Financial and Strategic Management

What is Company and Technical Analysis?

Company Analysis

Armed with the economic and industry forecasts, the analyst looks at the company-specific information. Company information is generated internally and externally. The principal source of internal information about a company is its financial statements. Quarterly and annual reports including the income statement, the balance sheet, and cash flows must be screened to assure that the statements are correct, complete, consistent, and comparable. Many popular and widely circulated sources of information about the companies emanate from outside or external sources. These sources provide supplements to company-generated information by overcoming some of its biases, such as public pronouncements by its officers.

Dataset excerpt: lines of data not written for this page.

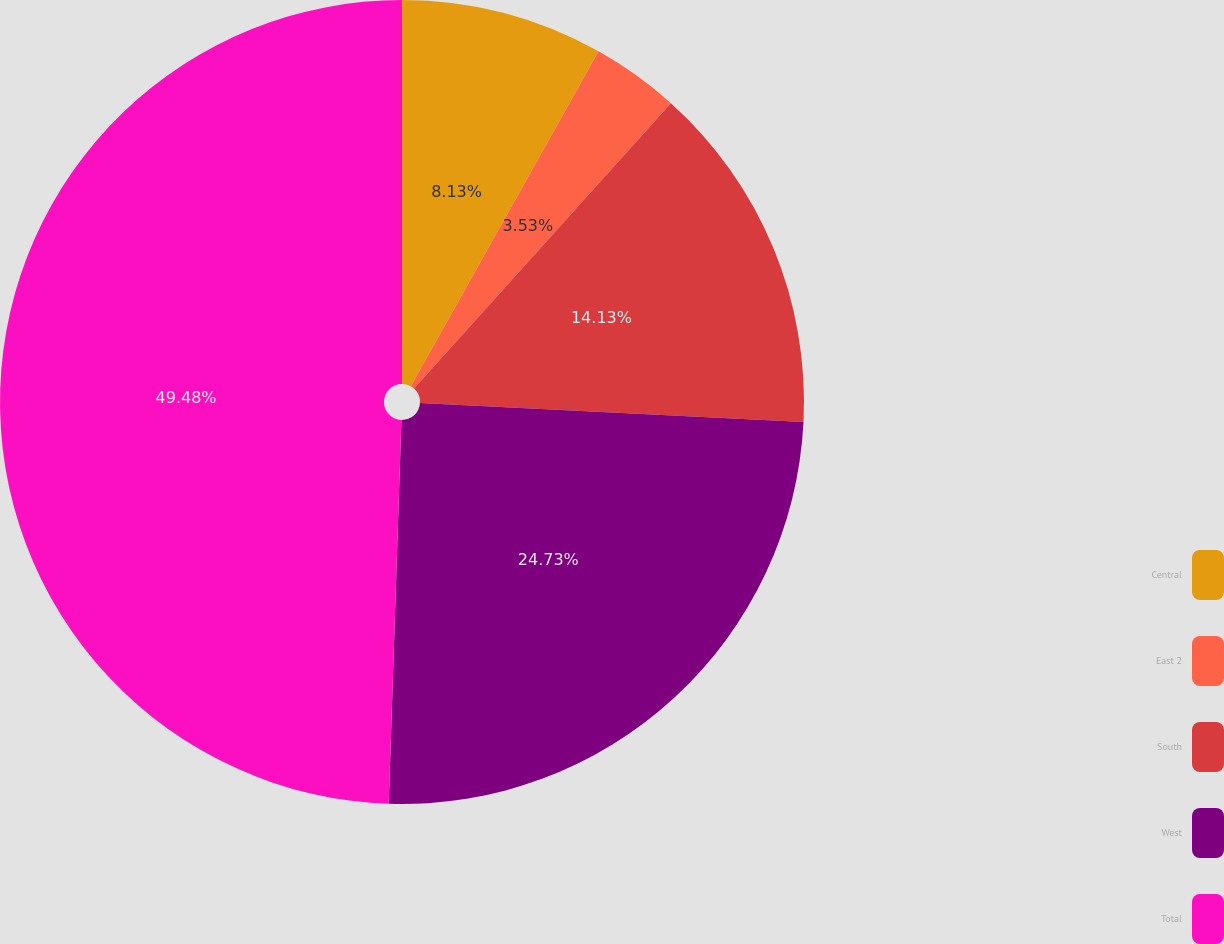Convert chart to OTSL. <chart><loc_0><loc_0><loc_500><loc_500><pie_chart><fcel>Central<fcel>East 2<fcel>South<fcel>West<fcel>Total<nl><fcel>8.13%<fcel>3.53%<fcel>14.13%<fcel>24.73%<fcel>49.47%<nl></chart> 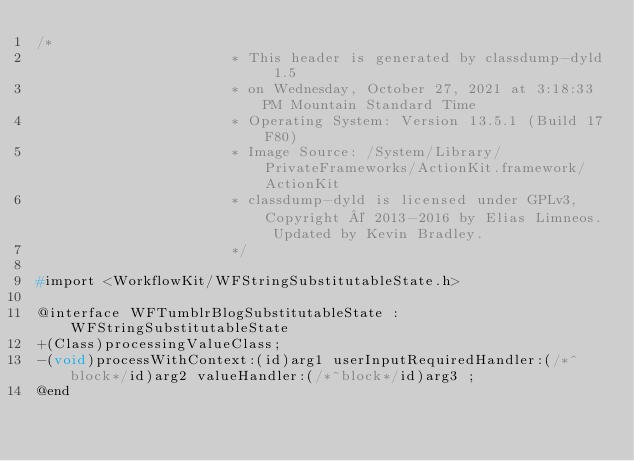<code> <loc_0><loc_0><loc_500><loc_500><_C_>/*
                       * This header is generated by classdump-dyld 1.5
                       * on Wednesday, October 27, 2021 at 3:18:33 PM Mountain Standard Time
                       * Operating System: Version 13.5.1 (Build 17F80)
                       * Image Source: /System/Library/PrivateFrameworks/ActionKit.framework/ActionKit
                       * classdump-dyld is licensed under GPLv3, Copyright © 2013-2016 by Elias Limneos. Updated by Kevin Bradley.
                       */

#import <WorkflowKit/WFStringSubstitutableState.h>

@interface WFTumblrBlogSubstitutableState : WFStringSubstitutableState
+(Class)processingValueClass;
-(void)processWithContext:(id)arg1 userInputRequiredHandler:(/*^block*/id)arg2 valueHandler:(/*^block*/id)arg3 ;
@end

</code>

External information sources also provide certain kinds of information not found in the materials made available by companies themselves. There are traditional and modern techniques of company analysis.

Among the traditional techniques are forecasting expected dividends and earnings using price-earnings ratios which help us to determine whether a stock is fairly valued at a point in time. Such approaches allow us to evaluate an equity share for a short term horizon. Moreover, an approach combining the dividend discount model (with variable growth rates) and the concept of systematic risk can also be helpful in evaluating a stock for a longer-term holding period. Among the modern methods are regression analysis, and the related tools of trend and correlation analysis, decision tree analysis, and simulation. Modern methods have strengths of the traditional methods while attempting to overcoming their shortcomings.

Fundamental Analysis Tools: Although the raw data of the Financial Statement has some useful information, much more can be understood about the value of a stock by applying a variety of tools to the financial data.

1. Earnings per Share – EPS
2. Price to Earnings Ratio – P/E
3. Projected Earnings Growth – PEG
4. Price to Sales – P/S
5. Price to Book – P/B
6. Dividend Yield
7. Dividend Payout Ratio
8. Book value per share
9. Return on Equity

Technical Analysis

In the fundamental analysis, share prices are predicted on the basis of a three-stage analysis. After the analysis has been completed, the deciding factors that emerge are the financial performance indicators like earnings and dividends of the company. The fundamentalist makes a judgment of the equity share value with a risk-return framework based upon the earning power and the economic environment. However, in actual practice, it often happens that a share having sound fundamentals refuses to rise in value and vice versa. We would now examine an alternative approach to predict share price behavior. This approach is called Technical Analysis. It is used in conjunction with fundamental analysis and not as its substitute.

Technical analysis is an analysis for forecasting the direction of prices through the study of past market data, primarily price and volume. This Technique assumes market prices of securities are determined by the demand-supply equilibrium. The shifts in this equilibrium give rise to certain patterns of price and volume of trading which have a tendency to repeat themselves over a period of time. An analyst who is familiar with these patterns can predict the future behavior of stock prices by noticing the formation of these patterns. These predictions are indicative and do not provide irrefutable declarations about future trends. In this type of analysis, no weightage is given to intangible items like investors’ attitude, market sentiment, optimism, pessimism, etc.

Technical analysis is based on the following assumptions:

– The interplay of demand and supply determines the market value of shares.
– Supply and demand are governed by various factors – both rational and irrational.
– Stock values tend to move in trends that persist for a reasonable time.
– These trends change as a result of the change in demand-supply equilibrium.
– Shifts in demand and supply can be detected in charts of market action.
– Chart patterns tend to repeat themselves and this repetition can be used to forecast      future price movements.
– Markets behave in a random style.
– Markets discount every future event that has a bearing on share values.